In Director's Cut, Madison Glenn, mayor of Santa Rita, again faces a dead body and a mysterious set of events that she helps to untangle. This is the 3rd of the Madison Glenn novels, and is an entertaining enough read. Glenn is a fairly likable character, though sometimes it is a little hard to believe that we've really gotten inside of a woman's head. I think the novel would be a whole lot better if it were written in third person rather than first, but that may just be my own personal pet peeve. (That said, I like first person books just fine most of the time. I wasn't crazy about it for this book/character.)

Maddy's cousin Catherine provides an interesting character to follow in the development of the book. She's enigmatic, in her way, and it's kind of fun to watch all of the star-struck characters as they interact with the young acting phenom. That is, to me, the aspect of the novel that made me smile from time to time.

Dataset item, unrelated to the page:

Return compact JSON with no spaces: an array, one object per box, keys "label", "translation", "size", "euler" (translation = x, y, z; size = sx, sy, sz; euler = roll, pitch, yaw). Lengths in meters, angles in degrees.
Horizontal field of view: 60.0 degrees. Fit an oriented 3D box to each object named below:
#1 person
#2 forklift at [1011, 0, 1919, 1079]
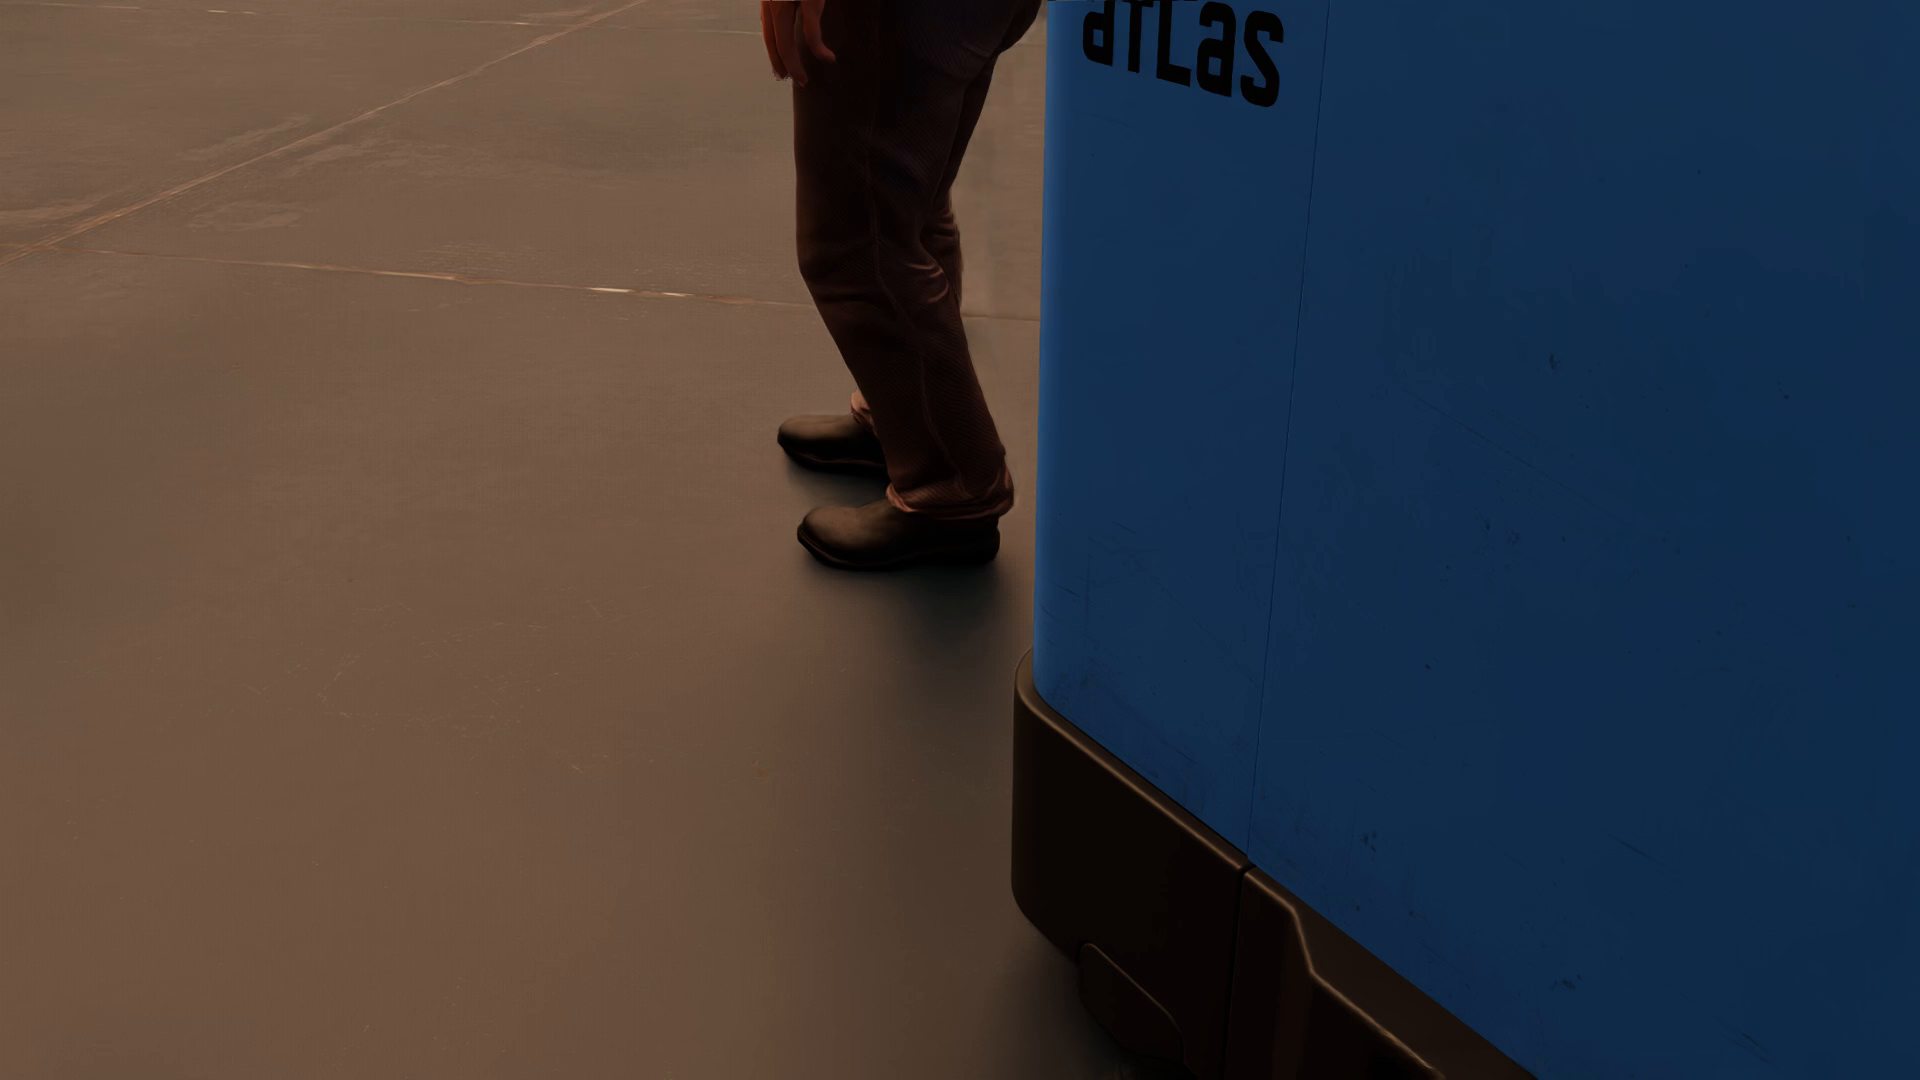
[{"label":"person","translation":[-0.106,-0.758,2.118],"size":[0.563,1.713,0.663],"euler":[7,28,14]},{"label":"forklift","translation":[1.285,-0.477,0.191],"size":[1.130,2.935,3.031],"euler":[-17,31,-30]}]

I would not call Director's Cut great, by any standard. But I did enjoy it. It kept me interested enough that I finished it in a couple of sittings, enjoying the unfolding of the story. But it was a little sloppy at the end, I thought. It was fun to see Maddy get challenged a little in her personal relationships, and I think that is something most readers who have followed her story in earlier novels would enjoy reading. Sadly, I'm not one of those who has read the earlier books, so I wasn't particularly interested in how her love life played out, but I did like seeing her interact with the various friends she has in her small town Californian paradise. I thought that part of the book was pretty well handled.

All in all, I would say Director's Cut is a fun way to spend a lazy afternoon, and I'll be happy to pass it along to friends to read too.